Las armas

Primer capítulo de Las armas (Agua viva ediciones, 2021).

 

I

 

Los cazadores caminaban con borcegos, se movían con la paciencia de quien tiene la certeza de estar por ejecutar una obra programada. Y los pastos se inclinaban en una reverencia.

            Los sacos pesaban como un cargamento. Tenían bolsillos grandes y dentro de ellos los estuches de las balas y de los cartuchos. Los colores estaban antes en la tierra y después se pasaban a la tela, como si los cazadores formaran parte de la brutalidad del paisaje, como si en ese acto de vestir los cuerpos de los hombres estuviese su verdadero fin que era dejar de ser un disfraz para mostrarles quiénes eran.

            Los disparos rompían con el silencio que tienen los cielos espesos marginados del tiempo por la distancia.
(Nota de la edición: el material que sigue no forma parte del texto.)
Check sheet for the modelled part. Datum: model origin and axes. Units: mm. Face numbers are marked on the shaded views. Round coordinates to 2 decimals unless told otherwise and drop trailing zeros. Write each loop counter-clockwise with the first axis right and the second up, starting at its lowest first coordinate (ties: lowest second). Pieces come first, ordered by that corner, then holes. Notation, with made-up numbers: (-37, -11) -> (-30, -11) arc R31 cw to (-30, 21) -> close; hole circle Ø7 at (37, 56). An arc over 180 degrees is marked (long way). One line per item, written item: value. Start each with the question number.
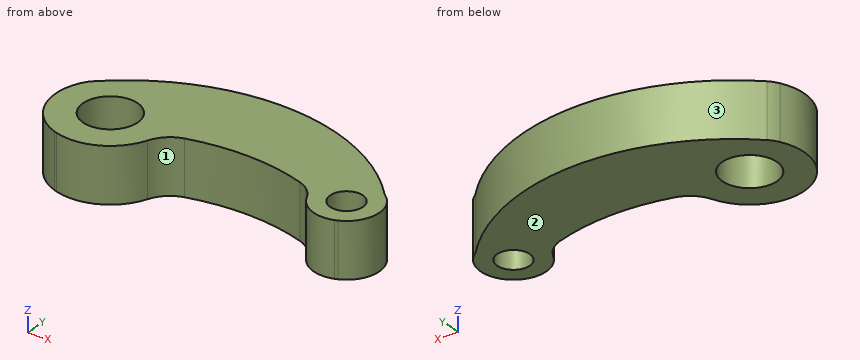
```python
from build123d import *

# Parameters (mm, degrees)
F0_R     = 12.5
F0_R_2   = 7.5
F1_DEPTH = 25


with BuildPart() as f1:
    # F0 (on Top) → F1 (new body)
    with BuildSketch(Plane.XY):
        with BuildLine():
            ThreePointArc((-79.5439328464, 105.0329916801), (-81.1903795815, 103.1025246973), (-82.4879081903, 100.9221785934))
            ThreePointArc((-82.4879081903, 100.9221785934), (-83.0645935002, 80.3550776743), (-68.0186809889, 66.3208793407))
            ThreePointArc((-68.0186809889, 66.3208793407), (-67.296498316, 67.0535704822), (-66.5664236158, 67.7783980852))
            ThreePointArc((-66.5664236158, 67.7783980852), (-66.6515105536, 66.8502006193), (-66.7226044544, 65.9208266473))
            ThreePointArc((-66.7226044544, 65.9208266473), (-48.415623534, 67.8459434438), (-36.3892582797, 81.7821611469))
            ThreePointArc((-36.3892582797, 81.7821611469), (-32.5421815269, 87.7377169865), (-26.3895907314, 91.2611061791))
            ThreePointArc((-26.3895907314, 91.2611061791), (0.5889591855, 94.9981743355), (27.5190997352, 90.926889036))
            ThreePointArc((27.5190997352, 90.926889036), (32.8402812409, 88.0400857367), (36.5869893622, 83.2850059099))
            ThreePointArc((36.5869893622, 83.2850059099), (44.4886785219, 76.049181545), (55.2022156282, 75.9309931922))
            ThreePointArc((55.2022156282, 75.9309931922), (54.9958309784, 76.7755396556), (54.7775992327, 77.6171026405))
            ThreePointArc((54.7775992327, 77.6171026405), (55.5970680513, 77.0322401602), (56.4102927908, 76.4387262274))
            ThreePointArc((56.4102927908, 76.4387262274), (64.1063809456, 84.8999983709), (63.6005239797, 96.3265905096))
            ThreePointArc((63.6005239797, 96.3265905096), (61.3548283708, 99.0601930849), (59.0101731037, 101.7094049462))
            ThreePointArc((59.0101731037, 101.7094049462), (58.1789475446, 102.4000301137), (57.3401107186, 103.0813903939))
            ThreePointArc((57.3401107186, 103.0813903939), (57.8001000902, 102.8124329689), (58.2502464871, 102.5273074881))
            ThreePointArc((58.2502464871, 102.5273074881), (-10.1185209211, 132.8339833721), (-79.5439328464, 105.0329916801))
        make_face()
        with Locations((-60, 90)):
            Circle(F0_R, mode=Mode.SUBTRACT)
        with Locations((50, 90)):
            Circle(F0_R_2, mode=Mode.SUBTRACT)
        with BuildLine():
            ThreePointArc((-66.5664236158, 67.7783980852), (-67.296498316, 67.0535704822), (-68.0186809889, 66.3208793407))
            ThreePointArc((-68.0186809889, 66.3208793407), (-67.3733564047, 66.1120613001), (-66.7226044544, 65.9208266473))
            ThreePointArc((-66.7226044544, 65.9208266473), (-66.6515105536, 66.8502006193), (-66.5664236158, 67.7783980852))
        make_face()
        with BuildLine():
            ThreePointArc((59.0101731037, 101.7094049462), (58.6313959204, 102.1194582653), (58.2502464871, 102.5273074881))
            ThreePointArc((58.2502464871, 102.5273074881), (57.8001000902, 102.8124329689), (57.3401107186, 103.0813903939))
            ThreePointArc((57.3401107186, 103.0813903939), (58.1789475446, 102.4000301137), (59.0101731037, 101.7094049462))
        make_face()
        with BuildLine():
            ThreePointArc((61.7653971487, 99.3045918735), (60.1367140397, 101.056537816), (58.2502464871, 102.5273074881))
            ThreePointArc((58.2502464871, 102.5273074881), (58.6313959204, 102.1194582653), (59.0101731037, 101.7094049462))
            ThreePointArc((59.0101731037, 101.7094049462), (60.3990725447, 100.5199305447), (61.7653971487, 99.3045918736))
        make_face()
        with BuildLine():
            ThreePointArc((63.6005239797, 96.3265905096), (62.7700670204, 97.8692685998), (61.7653971487, 99.3045918735))
            ThreePointArc((61.7653971487, 99.3045918736), (60.3990725447, 100.5199305447), (59.0101731037, 101.7094049462))
            ThreePointArc((59.0101731037, 101.7094049462), (61.3548283708, 99.0601930849), (63.6005239797, 96.3265905096))
        make_face()
        with BuildLine():
            ThreePointArc((55.2022156282, 75.9309931922), (55.8118014552, 76.1716608428), (56.4102927908, 76.4387262274))
            ThreePointArc((56.4102927908, 76.4387262274), (55.5970680513, 77.0322401602), (54.7775992327, 77.6171026405))
            ThreePointArc((54.7775992327, 77.6171026405), (54.9958309784, 76.7755396556), (55.2022156282, 75.9309931922))
        make_face()
    extrude(amount=F1_DEPTH)


solid = f1.part
```
1. Cross-section at D-D (y = 116). Record the cut outline in (x, z).
2. Cross-section at C-C (x = 50). Record the cut outline in (y, z).
3. Depth check by flat-ended pin: pin 1 Ø2 at (x, z) = (2.5, 5) entering from -Y; pin 2 Ø4 at (y, z) = (109, 4.5) entering from -X; pin 3 Ø3 at (y, z) = (113, 5) entering from -X; pin 4 Ø3 at (x, y) = (48, 116) entering from -Z. Enter the tip coordinate at first touch or a pass-through.
4. Material ranges on probe 1 along X at (y, z) = (100.5, 23.25); probe 2 along X at (y, z) = (100, 18); probe 3 along Y at (x, z) = (-60, 16), recorded low to high.
5. Release check for a two-part mould opening along X. For the marked faces 1, 2 and 3 record: +X half, -X half, draft (parallel to the pull), parting line (faces both ways), or undercut.
6. Cross-section at B-B (x = -60). Record the cut outline in (y, z).
7. Cross-section at A-A (z = 21.25). Record the cut outline in (x, y) (3 decimals).
Working result:
1. outline: (-66.27, 0) -> (42.53, 0) -> (42.53, 25) -> (-66.27, 25) -> close
2. outline: (75, 0) -> (82.5, 0) -> (82.5, 25) -> (75, 25) -> close; (97.5, 0) -> (110.33, 0) -> (110.33, 25) -> (97.5, 25) -> close
3. pin 1: stops at y = 94.94
3. pin 2: stops at x = -77.5
3. pin 3: stops at x = -72.31
3. pin 4: passes through
4. probe 1: x = -82.69 to -66.78, -53.22 to 60.71
4. probe 2: x = -82.91 to -67.5, -52.5 to 61.18
4. probe 3: y = 65 to 77.5, 102.5 to 119.95
5. face 1: undercut
5. face 2: draft
5. face 3: parting line
6. outline: (65, 0) -> (77.5, 0) -> (77.5, 25) -> (65, 25) -> close; (102.5, 0) -> (119.95, 0) -> (119.95, 25) -> (102.5, 25) -> close
7. outline: (-82.488, 100.922) arc R25 ccw (long way) to (-36.389, 81.782) arc R15 cw to (-26.39, 91.261) arc R95 cw to (27.519, 90.927) arc R15 cw to (36.587, 83.285) arc R15 ccw (long way) to (58.25, 102.527) arc R96.233 ccw to (-79.544, 105.033) arc R15 ccw to start; hole circle Ø25 at (-60, 90); hole circle Ø15 at (50, 90)
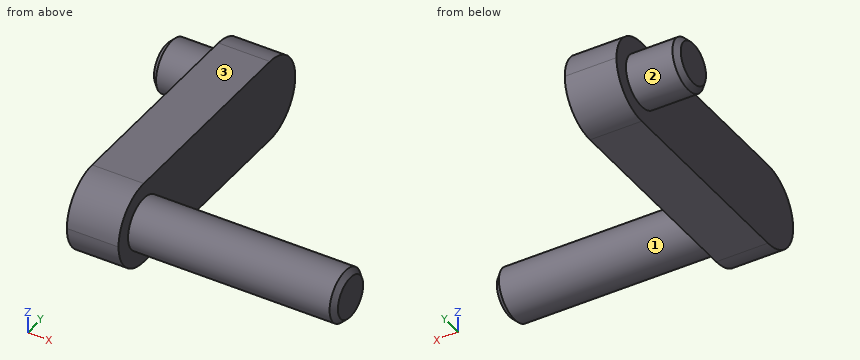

El silbido de la bala rajando el aire atravesaba la niebla y la memoria. Igual a los teros que armaban el vuelo chillando, mi pensamiento se iba hacia otros rincones.

            Había en mi infancia un oso rojo sentado al lado mío en un auto armado por sillas de caño que estaban oxidadas en el patio. Acostaba cada una en el suelo y las amontonaba para que formaran el cascarón de un auto. Las charlas con el oso eran sobre los viajes que haríamos y las ciruelas que manchaban las veredas podían ser nieve o arena según la ruta que tomáramos. Le contaba al peluche, que tenía mi altura, la historia detrás de la rodilla raspada. Una siesta me había trepado por los huecos de los ladrillos del tapial, me convencí de mi equilibrio, incorporé el cuerpo hasta pararme. Con un brazo me prendí de la rama del ciruelo de Arnoldo que se asomaba siempre tupido de frutos a mi patio, con el otro tironeaba las ciruelas para comerlas. No vi el panal atrás del jazmín de mi mamá. Las abejas me atosigaron. Después vino la herida, algo blanco abierto entre la sangre. Hoy ya no tengo ni juguetes ni salidas al campo con el ruido de las armas, pero me casé dos veces, casarme me devolvió al entorno agreste de las cacerías que hacían los hombres de mi familia. Dejaban de ser el padre, el hermano, el abuelo o el padrino y se convertían en el traje. Eran cazadores. Cuando tenía dieciocho años me quedé embarazada. Pensar en “quedar” como por el toque de una varita mágica y no por el acto que esconde, me salvó de volver a revisar el ritual animal de la saliva chorreando en el borde del lóbulo de la oreja, del rumiar de lo que sale entre los dientes que no llega a traducirse, de las extremidades enredadas como trepando por el aromito cuando crece el arroyo y las rastreras envuelven los troncos.Y del agua que te llega hasta el cogote.Y de la asfixia del grito del último aire saliendo como si se empezara otra vida, y se acabara la propia.

            Me dejé llevar al altar del brazo de mi padre. Me dejé entregar al otro brazo cubierto de pelos negros enrulados que también odiaba. En la puerta de la iglesia, dos amigas con los jeans rotos fueron a verme y a dejarme grabadas sus imágenes para siempre. Era el fin del año dos mil y yo no volvería a ser joven nunca más.